A low-concentration solution of chlorine bleach (a.k.a household bleach) is highly effective at disinfecting surfaces and stopping microbial growth. However, bleach is only suitable for cleaning surfaces. 

It won’t work if you have a rotting floorboard or fungal growth within your basement walls (source: Journal of Occupational and Environmental Hygiene). 

Regularly wiping surfaces using household bleach will kill the existing mold and eliminate the yeasty smell in your house. 

2. Ventilate Your House To Reduce Humidity

Creating good airflow in all the rooms of your house is an excellent way to reduce moisture levels indoors. The reduced humidity level will make it harder for fungus to grow in most places in your home. 

For windowless rooms (such as basements), alternative forms of ventilation (such as central air conditioning) are highly recommended. Also, make sure you aren’t using your basement to store moisture-loving items such as books and fabrics. 

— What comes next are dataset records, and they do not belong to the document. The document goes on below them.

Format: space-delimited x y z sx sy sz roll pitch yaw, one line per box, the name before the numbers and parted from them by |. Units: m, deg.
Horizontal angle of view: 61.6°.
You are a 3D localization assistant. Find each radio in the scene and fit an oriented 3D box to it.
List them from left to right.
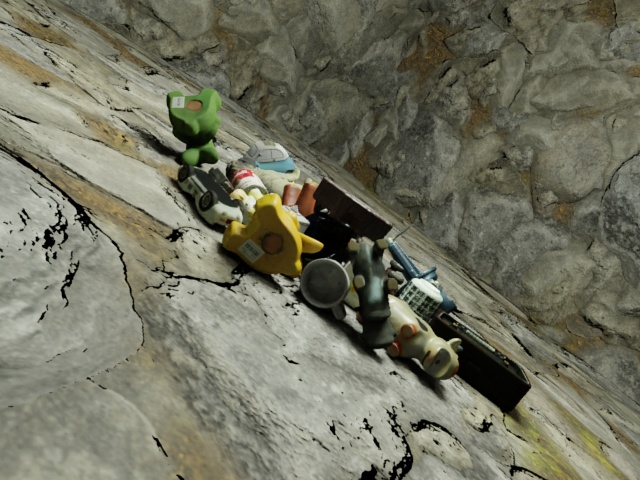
radio | 0.320 0.243 1.125 0.230 0.073 0.131 38 12 11

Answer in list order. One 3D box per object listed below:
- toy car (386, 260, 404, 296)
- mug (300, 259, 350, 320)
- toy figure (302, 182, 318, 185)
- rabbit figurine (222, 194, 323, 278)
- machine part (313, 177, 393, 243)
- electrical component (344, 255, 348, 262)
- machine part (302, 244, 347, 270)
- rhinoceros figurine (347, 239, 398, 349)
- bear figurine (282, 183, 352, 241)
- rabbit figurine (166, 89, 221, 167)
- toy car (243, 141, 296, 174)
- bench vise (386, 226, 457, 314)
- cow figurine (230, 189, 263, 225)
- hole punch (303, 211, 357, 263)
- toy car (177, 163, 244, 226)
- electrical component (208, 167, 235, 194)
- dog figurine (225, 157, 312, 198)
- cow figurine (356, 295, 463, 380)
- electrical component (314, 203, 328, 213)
toy car | 0.149 0.100 1.183 0.053 0.089 0.202 36 10 4
mug | 0.021 0.083 0.935 0.109 0.081 0.107 60 8 5
toy figure | 0.003 -0.097 1.546 0.180 0.089 0.082 41 6 36
rabbit figurine | -0.073 -0.014 0.938 0.162 0.122 0.173 35 10 -17
machine part | 0.065 -0.060 1.113 0.179 0.056 0.179 35 8 -6
electrical component | 0.097 0.050 1.337 0.119 0.047 0.074 38 13 23
machine part | 0.012 0.046 1.049 0.039 0.084 0.139 39 22 19
rhinoceros figurine | 0.085 0.088 0.911 0.073 0.112 0.190 -4 62 -8
bear figurine | 0.004 -0.040 1.242 0.195 0.132 0.120 20 -10 -32
rabbit figurine | -0.272 -0.234 1.226 0.170 0.121 0.159 90 -14 -54
toy car | -0.144 -0.216 1.460 0.162 0.102 0.109 -8 31 -16
bench vise | 0.231 0.090 1.321 0.241 0.129 0.223 57 10 15
cow figurine | -0.121 -0.051 1.095 0.098 0.068 0.167 46 16 21
hole punch | -0.002 -0.003 1.126 0.092 0.115 0.142 35 8 41
toy car | -0.208 -0.085 1.007 0.073 0.056 0.202 15 21 -43
electrical component | -0.217 -0.117 1.143 0.102 0.045 0.078 48 -11 37
dog figurine | -0.128 -0.119 1.307 0.190 0.121 0.173 8 23 -36
cow figurine | 0.170 0.177 0.965 0.127 0.085 0.195 15 21 -45
electrical component | 0.002 -0.094 1.421 0.134 0.115 0.058 31 46 -58
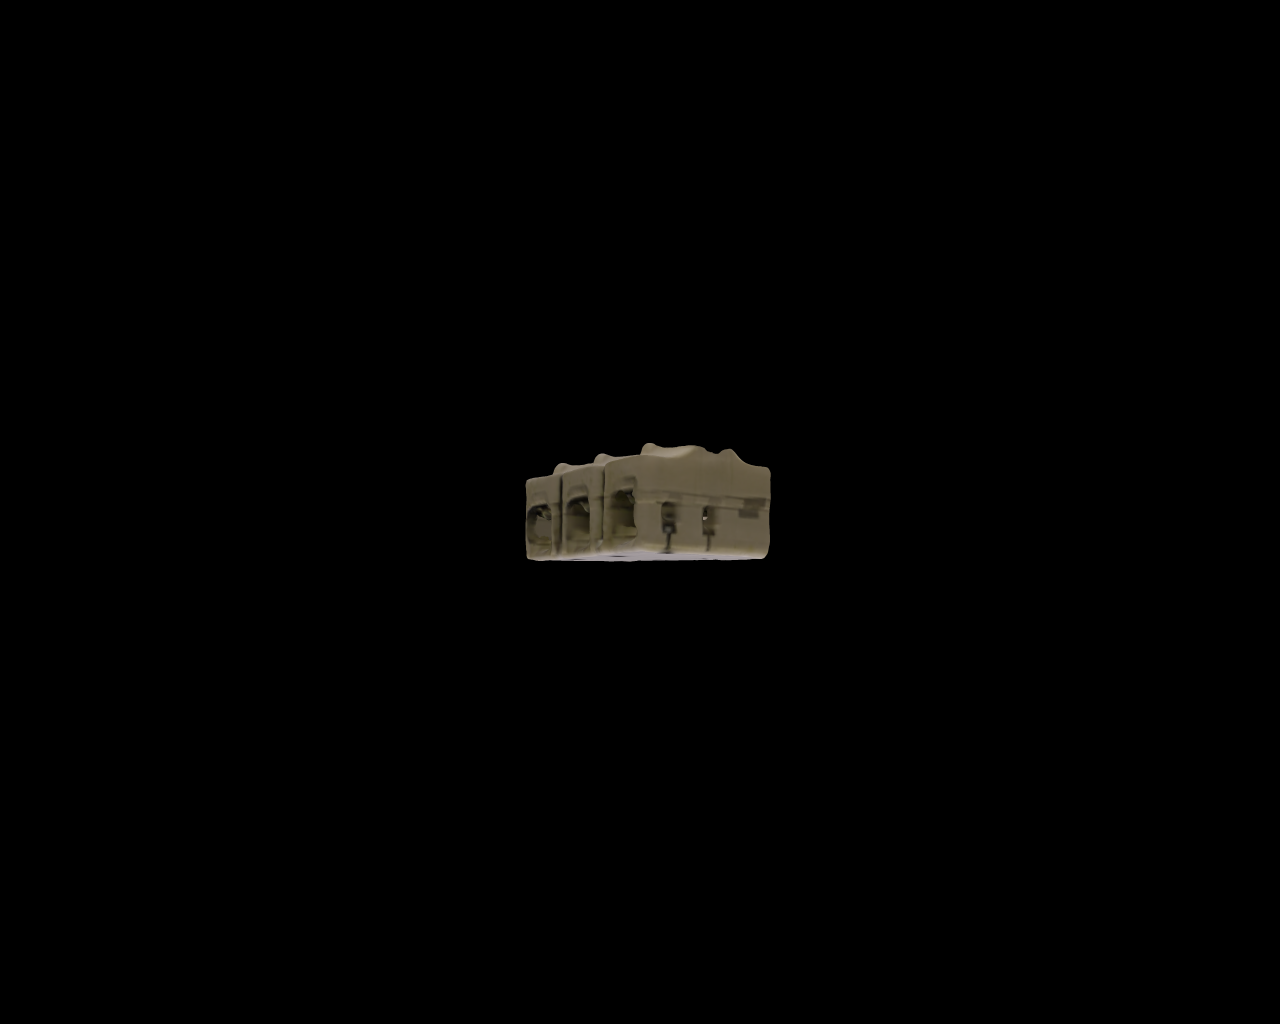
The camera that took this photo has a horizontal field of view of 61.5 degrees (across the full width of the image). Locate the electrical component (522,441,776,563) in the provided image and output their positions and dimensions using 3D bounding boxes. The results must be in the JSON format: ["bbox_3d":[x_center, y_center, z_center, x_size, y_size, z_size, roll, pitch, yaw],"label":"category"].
[{"bbox_3d":[0.001,-0.003,0.650,0.089,0.061,0.150,3,-5,-32],"label":"electrical component"}]

3. Clean Your Home Regularly

Regularly cleaning your home will help reduce the number of microbes on the house’s surfaces. You won’t have a mold infestation if you make sure that you are keeping microbial numbers low. Ensure to dry anything you clean to prevent dampness from attracting mold. That means: 

  • Drying up the bathroom floor after showering 
  • Opening your shower curtain to allow for air drying 
  • Drying the floors after you mop 
  • Cleaning up spills promptly
  • Washing damp towels regularly and keeping them off of the floor and your furniture
little girl with asthma

What Are the Health Risks of Having a Yeasty Smell in the House?

Besides the unpleasant yeasty smell, there are health risks that homeowners should be concerned with. Some studies correlate the presence of mold and fungal spores indoors with an increased risk of developing asthma in infancy. 

There are also a few fungal strains that can cause severe, life-threatening conditions. 

For example, Aspergillosis is a respiratory infection that occurs when patients inhale spores of common black mold found in basements (source: Centers for Disease Control and Prevention). 

Children are particularly susceptible to respiratory problems caused by mold. Some infants develop an allergic reaction to mold spores, showing symptoms similar to hives or hay fever. 

Having a yeast smell in your house is a common problem caused by mold. Cleaning your home regularly and keeping moisture levels low does wonders to remove yeasty smells.